*WHAT YOU NEED TO DO*: Copy each line below exactly as it appears. Pictures are to be omitted.

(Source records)
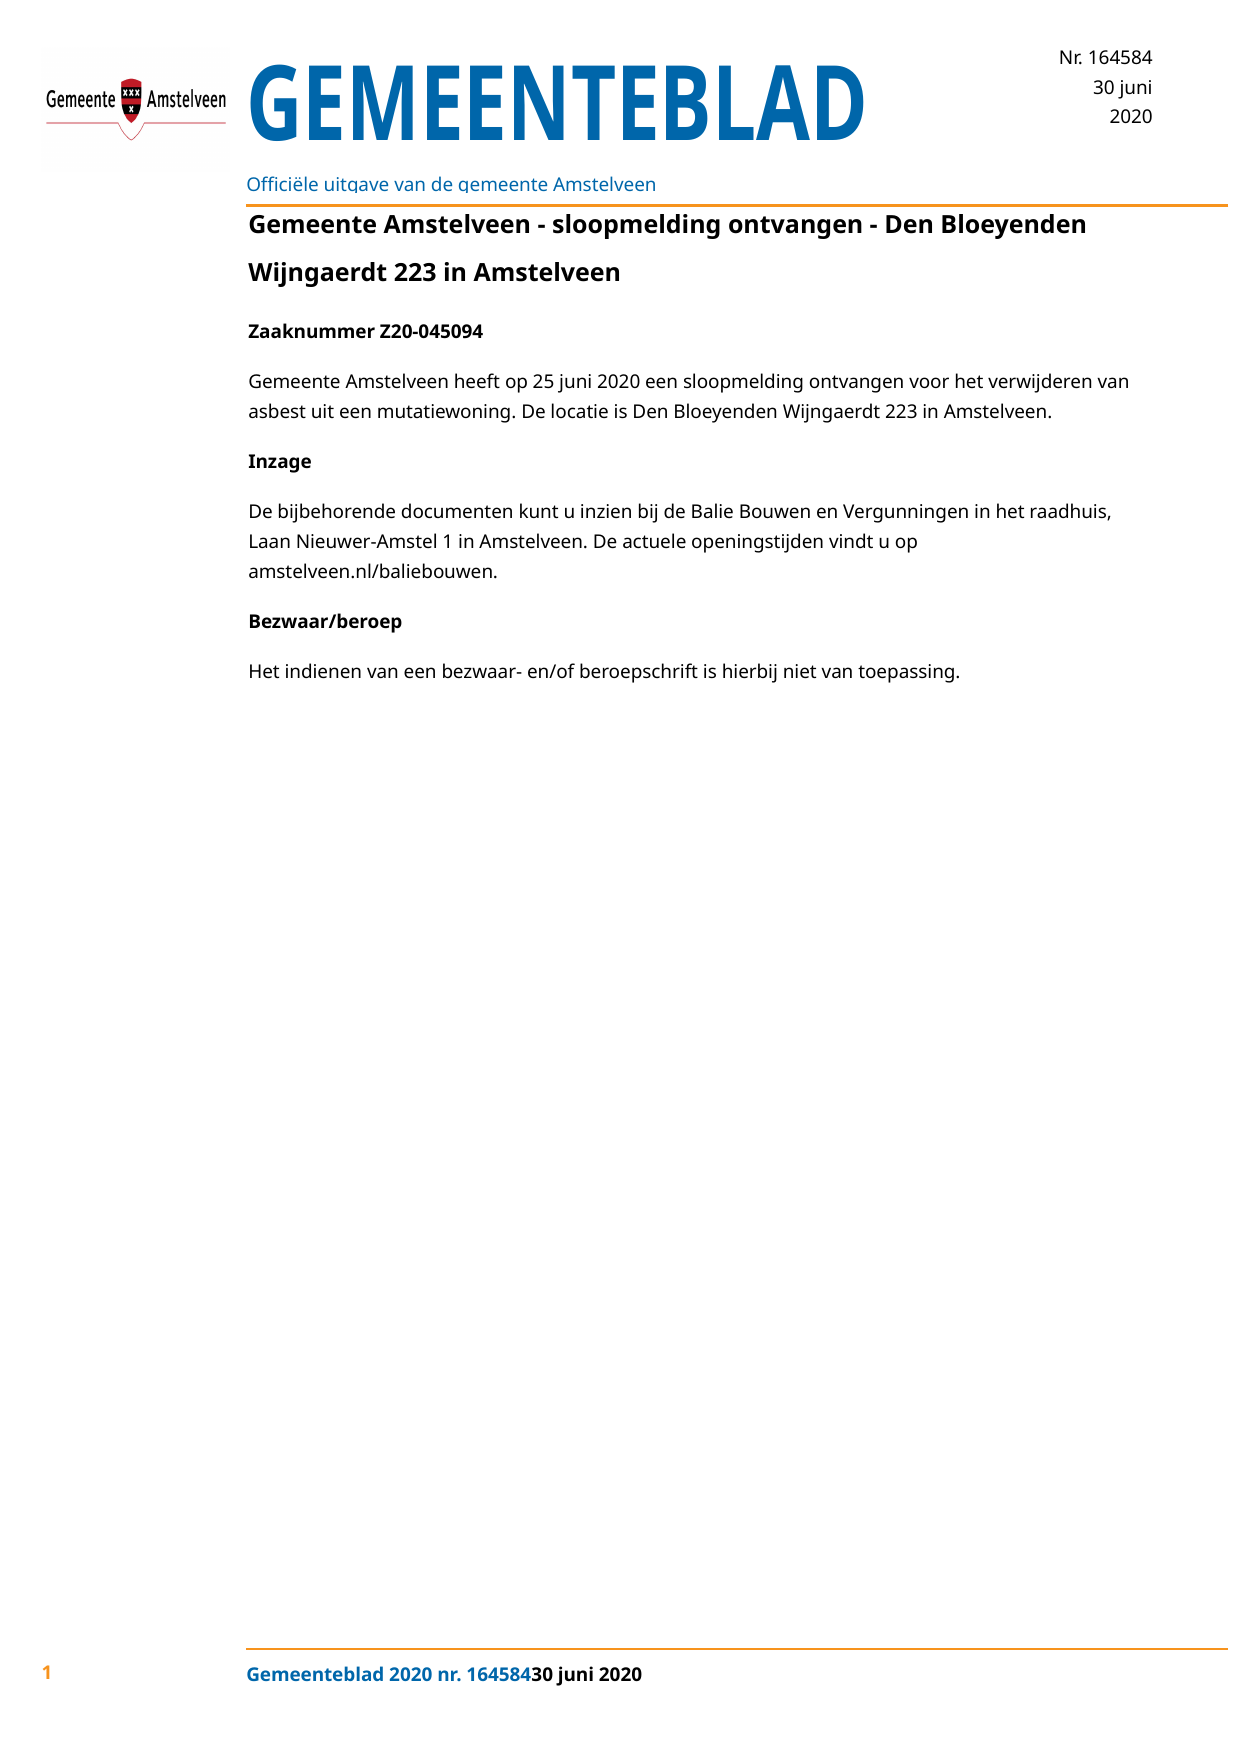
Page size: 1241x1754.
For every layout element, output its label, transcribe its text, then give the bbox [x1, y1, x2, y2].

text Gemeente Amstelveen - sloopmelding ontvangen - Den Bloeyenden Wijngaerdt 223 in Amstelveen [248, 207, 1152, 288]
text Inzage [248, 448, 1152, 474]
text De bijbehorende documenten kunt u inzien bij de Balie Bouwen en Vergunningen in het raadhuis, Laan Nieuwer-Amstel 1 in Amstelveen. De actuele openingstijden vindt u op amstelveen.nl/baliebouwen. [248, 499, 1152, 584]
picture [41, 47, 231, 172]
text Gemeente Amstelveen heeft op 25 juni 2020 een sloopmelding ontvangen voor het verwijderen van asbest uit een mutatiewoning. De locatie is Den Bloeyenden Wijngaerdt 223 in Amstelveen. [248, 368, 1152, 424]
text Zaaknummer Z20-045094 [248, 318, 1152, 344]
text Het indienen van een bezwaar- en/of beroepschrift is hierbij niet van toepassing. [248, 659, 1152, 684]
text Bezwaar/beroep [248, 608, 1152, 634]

*ANSWER TO THIS EXERCISE*:
Page size: 1241x1754.
For every layout element, output its label, transcribe its text, then give the bbox [x1, y1, x2, y2].

text Gemeente Amstelveen - sloopmelding ontvangen - Den Bloeyenden Wijngaerdt 223 in Amstelveen [248, 207, 1152, 288]
text Inzage [248, 448, 1152, 474]
text De bijbehorende documenten kunt u inzien bij de Balie Bouwen en Vergunningen in het raadhuis, Laan Nieuwer-Amstel 1 in Amstelveen. De actuele openingstijden vindt u op amstelveen.nl/baliebouwen. [248, 499, 1152, 584]
picture [41, 47, 231, 172]
text Gemeente Amstelveen heeft op 25 juni 2020 een sloopmelding ontvangen voor het verwijderen van asbest uit een mutatiewoning. De locatie is Den Bloeyenden Wijngaerdt 223 in Amstelveen. [248, 368, 1152, 424]
text Zaaknummer Z20-045094 [248, 318, 1152, 344]
text Het indienen van een bezwaar- en/of beroepschrift is hierbij niet van toepassing. [248, 659, 1152, 684]
text Bezwaar/beroep [248, 608, 1152, 634]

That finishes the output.